(Given information):
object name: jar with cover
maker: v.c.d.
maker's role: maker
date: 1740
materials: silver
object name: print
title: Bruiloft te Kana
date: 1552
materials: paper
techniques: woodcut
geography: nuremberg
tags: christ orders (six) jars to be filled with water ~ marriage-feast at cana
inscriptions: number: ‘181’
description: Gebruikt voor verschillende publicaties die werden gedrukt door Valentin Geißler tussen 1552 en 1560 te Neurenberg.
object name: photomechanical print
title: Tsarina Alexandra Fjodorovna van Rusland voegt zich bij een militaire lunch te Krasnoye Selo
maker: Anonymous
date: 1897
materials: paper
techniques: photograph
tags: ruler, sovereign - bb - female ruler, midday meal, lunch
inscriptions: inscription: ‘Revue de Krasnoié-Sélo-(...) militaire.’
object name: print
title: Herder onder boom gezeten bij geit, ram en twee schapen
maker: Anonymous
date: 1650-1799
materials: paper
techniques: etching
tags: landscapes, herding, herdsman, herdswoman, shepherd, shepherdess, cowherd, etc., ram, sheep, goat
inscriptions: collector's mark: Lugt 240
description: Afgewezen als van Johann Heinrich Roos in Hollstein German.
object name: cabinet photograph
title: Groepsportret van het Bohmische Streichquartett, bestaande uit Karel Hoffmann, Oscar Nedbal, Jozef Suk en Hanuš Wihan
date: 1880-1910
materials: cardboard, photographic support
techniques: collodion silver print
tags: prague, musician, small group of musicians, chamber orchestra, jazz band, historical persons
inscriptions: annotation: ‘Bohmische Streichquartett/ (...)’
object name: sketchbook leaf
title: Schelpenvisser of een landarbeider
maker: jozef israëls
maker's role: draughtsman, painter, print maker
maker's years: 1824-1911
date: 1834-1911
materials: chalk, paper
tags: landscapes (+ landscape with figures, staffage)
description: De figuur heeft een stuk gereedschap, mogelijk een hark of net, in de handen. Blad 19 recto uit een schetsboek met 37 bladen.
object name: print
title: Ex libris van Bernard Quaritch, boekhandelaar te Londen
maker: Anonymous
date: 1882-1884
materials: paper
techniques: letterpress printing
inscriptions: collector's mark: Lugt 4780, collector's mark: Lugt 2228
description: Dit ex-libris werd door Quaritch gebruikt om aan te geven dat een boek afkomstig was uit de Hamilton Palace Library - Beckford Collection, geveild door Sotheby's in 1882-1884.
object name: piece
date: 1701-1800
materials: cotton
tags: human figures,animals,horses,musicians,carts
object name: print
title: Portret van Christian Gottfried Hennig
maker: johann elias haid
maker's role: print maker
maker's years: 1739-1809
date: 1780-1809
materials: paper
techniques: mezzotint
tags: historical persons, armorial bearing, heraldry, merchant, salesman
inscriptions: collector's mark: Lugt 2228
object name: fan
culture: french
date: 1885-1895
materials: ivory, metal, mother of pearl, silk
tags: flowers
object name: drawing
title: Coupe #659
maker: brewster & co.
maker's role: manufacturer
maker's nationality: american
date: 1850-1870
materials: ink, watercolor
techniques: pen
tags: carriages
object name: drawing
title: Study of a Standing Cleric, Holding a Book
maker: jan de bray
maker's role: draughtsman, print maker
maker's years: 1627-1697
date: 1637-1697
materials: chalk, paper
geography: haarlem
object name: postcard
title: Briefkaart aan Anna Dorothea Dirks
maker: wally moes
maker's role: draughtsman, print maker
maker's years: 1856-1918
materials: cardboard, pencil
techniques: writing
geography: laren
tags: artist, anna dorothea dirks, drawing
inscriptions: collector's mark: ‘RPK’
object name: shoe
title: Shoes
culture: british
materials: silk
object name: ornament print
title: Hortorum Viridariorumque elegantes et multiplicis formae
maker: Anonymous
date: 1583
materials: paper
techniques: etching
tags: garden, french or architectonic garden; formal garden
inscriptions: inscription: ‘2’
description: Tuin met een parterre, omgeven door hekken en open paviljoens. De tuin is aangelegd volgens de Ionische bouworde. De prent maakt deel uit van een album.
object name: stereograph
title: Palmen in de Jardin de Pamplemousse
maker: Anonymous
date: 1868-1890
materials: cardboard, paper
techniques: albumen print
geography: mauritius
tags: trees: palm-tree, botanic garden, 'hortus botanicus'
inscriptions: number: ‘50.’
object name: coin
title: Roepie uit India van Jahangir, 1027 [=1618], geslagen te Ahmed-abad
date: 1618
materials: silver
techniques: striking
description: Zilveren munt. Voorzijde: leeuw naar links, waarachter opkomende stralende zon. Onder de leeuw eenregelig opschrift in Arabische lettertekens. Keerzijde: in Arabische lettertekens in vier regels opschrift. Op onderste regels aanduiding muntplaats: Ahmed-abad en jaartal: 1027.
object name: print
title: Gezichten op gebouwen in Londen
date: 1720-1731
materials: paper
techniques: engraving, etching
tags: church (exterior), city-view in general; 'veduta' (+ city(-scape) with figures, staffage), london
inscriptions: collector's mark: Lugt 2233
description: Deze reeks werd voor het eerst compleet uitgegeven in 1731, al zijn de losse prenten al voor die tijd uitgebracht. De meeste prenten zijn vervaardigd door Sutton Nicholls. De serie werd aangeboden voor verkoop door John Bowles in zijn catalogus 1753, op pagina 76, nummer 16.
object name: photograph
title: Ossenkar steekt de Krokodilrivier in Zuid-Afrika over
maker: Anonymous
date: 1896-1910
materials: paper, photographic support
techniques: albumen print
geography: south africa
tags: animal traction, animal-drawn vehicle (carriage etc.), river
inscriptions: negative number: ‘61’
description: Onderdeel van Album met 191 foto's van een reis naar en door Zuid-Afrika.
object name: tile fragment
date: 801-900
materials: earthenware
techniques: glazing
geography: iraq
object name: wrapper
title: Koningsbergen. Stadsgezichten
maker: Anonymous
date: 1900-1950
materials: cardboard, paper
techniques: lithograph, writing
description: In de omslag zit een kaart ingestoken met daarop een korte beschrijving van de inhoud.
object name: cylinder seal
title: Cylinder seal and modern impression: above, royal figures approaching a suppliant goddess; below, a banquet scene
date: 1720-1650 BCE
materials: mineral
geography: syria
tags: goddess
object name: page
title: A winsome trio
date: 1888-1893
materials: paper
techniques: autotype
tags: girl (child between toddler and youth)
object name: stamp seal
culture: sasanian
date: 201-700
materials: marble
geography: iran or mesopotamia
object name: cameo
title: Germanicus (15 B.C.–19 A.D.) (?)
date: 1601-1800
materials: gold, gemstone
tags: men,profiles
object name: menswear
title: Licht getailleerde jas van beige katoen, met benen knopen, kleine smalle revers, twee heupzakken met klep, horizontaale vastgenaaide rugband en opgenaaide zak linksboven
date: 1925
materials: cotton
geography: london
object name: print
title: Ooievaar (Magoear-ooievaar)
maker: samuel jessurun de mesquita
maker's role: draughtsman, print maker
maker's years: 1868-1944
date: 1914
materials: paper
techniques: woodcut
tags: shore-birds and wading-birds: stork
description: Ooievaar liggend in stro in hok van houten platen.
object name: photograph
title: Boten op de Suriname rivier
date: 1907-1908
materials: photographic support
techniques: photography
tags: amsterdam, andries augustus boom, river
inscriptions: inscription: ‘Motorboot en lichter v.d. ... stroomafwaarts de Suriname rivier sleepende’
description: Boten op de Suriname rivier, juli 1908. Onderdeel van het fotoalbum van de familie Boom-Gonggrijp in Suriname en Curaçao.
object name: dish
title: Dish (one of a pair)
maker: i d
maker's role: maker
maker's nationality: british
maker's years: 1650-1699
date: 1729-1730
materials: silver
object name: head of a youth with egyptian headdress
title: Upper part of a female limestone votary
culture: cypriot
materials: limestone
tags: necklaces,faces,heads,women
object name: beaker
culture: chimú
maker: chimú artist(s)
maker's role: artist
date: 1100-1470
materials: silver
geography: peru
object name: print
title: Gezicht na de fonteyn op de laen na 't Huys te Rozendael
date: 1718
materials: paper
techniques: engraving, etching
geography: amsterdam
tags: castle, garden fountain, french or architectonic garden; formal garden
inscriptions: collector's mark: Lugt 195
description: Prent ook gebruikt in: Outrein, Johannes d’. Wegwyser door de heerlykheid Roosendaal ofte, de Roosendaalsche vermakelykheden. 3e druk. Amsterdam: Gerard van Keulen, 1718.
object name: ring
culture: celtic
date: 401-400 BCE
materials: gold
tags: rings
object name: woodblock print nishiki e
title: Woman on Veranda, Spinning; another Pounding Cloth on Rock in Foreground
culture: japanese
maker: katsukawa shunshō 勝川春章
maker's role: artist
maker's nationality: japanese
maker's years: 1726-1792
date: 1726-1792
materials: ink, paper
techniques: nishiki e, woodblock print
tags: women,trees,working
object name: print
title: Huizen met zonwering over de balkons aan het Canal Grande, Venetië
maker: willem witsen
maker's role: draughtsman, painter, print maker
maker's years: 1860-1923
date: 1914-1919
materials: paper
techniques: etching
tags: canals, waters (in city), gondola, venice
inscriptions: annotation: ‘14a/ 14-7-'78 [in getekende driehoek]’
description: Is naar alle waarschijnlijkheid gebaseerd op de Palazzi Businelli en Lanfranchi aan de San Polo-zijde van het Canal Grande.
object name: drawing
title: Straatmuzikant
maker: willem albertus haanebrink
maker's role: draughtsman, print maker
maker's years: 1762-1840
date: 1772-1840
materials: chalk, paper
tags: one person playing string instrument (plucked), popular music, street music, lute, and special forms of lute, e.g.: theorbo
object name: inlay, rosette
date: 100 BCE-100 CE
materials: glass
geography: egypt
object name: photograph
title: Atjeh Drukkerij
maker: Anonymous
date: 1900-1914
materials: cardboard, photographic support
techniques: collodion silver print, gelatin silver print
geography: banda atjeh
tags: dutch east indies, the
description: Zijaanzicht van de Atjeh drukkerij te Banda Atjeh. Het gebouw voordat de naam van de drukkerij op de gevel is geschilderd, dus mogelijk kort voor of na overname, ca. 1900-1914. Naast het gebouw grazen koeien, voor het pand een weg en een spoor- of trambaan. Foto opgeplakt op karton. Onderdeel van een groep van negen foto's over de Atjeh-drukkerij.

(Work required):
Each line between the start of the listing above and the line containing "inscriptions: number: ‘181’", with both ends counted, is to be set down unchanged.

(Exercise output):
object name: jar with cover
maker: v.c.d.
maker's role: maker
date: 1740
materials: silver
object name: print
title: Bruiloft te Kana
date: 1552
materials: paper
techniques: woodcut
geography: nuremberg
tags: christ orders (six) jars to be filled with water ~ marriage-feast at cana
inscriptions: number: ‘181’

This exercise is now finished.